Monday, March 3, 2014

An impromptu Shabbos meal

Friday afternoon, G. called me to invite me for a Shabbos meal but he has to ask his girlfriend first if she is in the mood to host me.
She already offered me to come around, once G. will feel better after surgery he had last Wednesday. I saw him on Thursday, and he has a pretty good energy. He probably complains when she is at home. :-)
I asked him if he will wear his tzitzit. Probably not. He used to wear it 8 years ago when he was looking for a new family and was more involved with the Lubaba boys of the Crown Heights community.
We have a common acquaintance from this community and we agree about his rudeness… Talking in broader terms for once, they have bad manners and they think they should be granted for everything.
It's one of the reasons i prefer the Satmerer, Bobover… who have better manners. They could be obnoxious sometimes with gentiles. They probably think D-g will be more lenient with them because we are not Jewish, and to hurt a Gentiles is not so bad! :-(

G. called me back later to tell me to come and share the Shabbos meal. We joked about a "ménage à trois", or threesome. How many times Hasidim asked me if i was into women, ménage à trois… Is it an obsession because i am a gentile, French or none of them or all of them, or just a Hasidic fantasy… I don't really think they know the French movie Jules et Jim by François Truffaut, about a threesome, based on the novel by Henri-Pierre Roché. Will she choose one of them at the end? Ahah! Watch the movie or read the book!
And the famous song by the actress Jeanne Moreau, Le Tourbillon de la Vie:
It misses subtitles but you can understand whose she is talking about: LOVE. :-)

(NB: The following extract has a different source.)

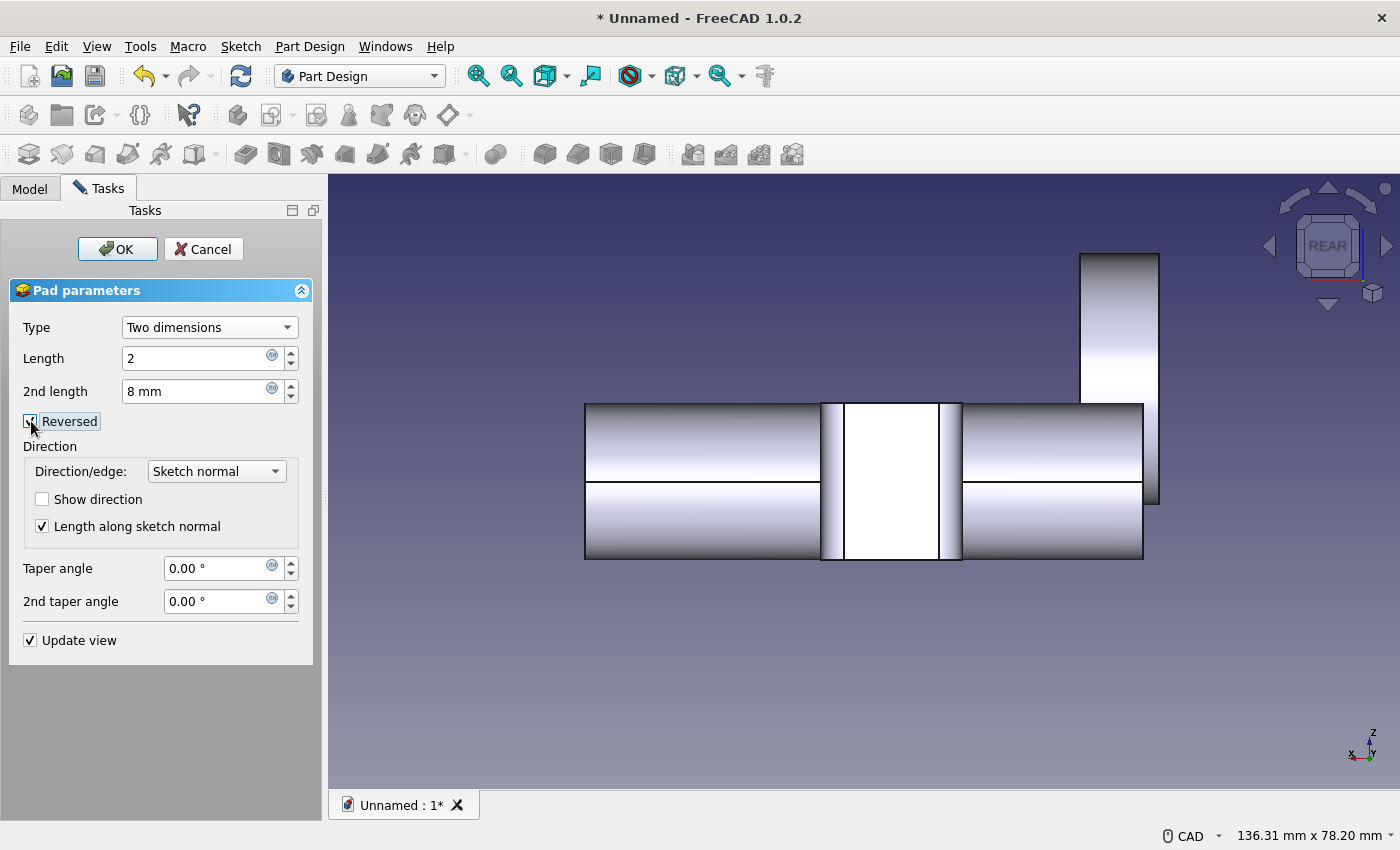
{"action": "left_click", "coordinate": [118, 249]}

His neighbor was invited too, but she didn't show up.
I bought a bottle of Kosher wine from Chile, a Malbec, which had a good taste. I already tasted wines from Chile. The brand San Esteban has a very good Chardonnay. Sorry, American people but your wines are not good! South America has better wines, that's just my opinion. :-)
He didn't want me to bring something, but sorry, in France, when you are invited, you have to bring something to the host. And in another hand, G. is not Orthodox, so i can carry things. :-)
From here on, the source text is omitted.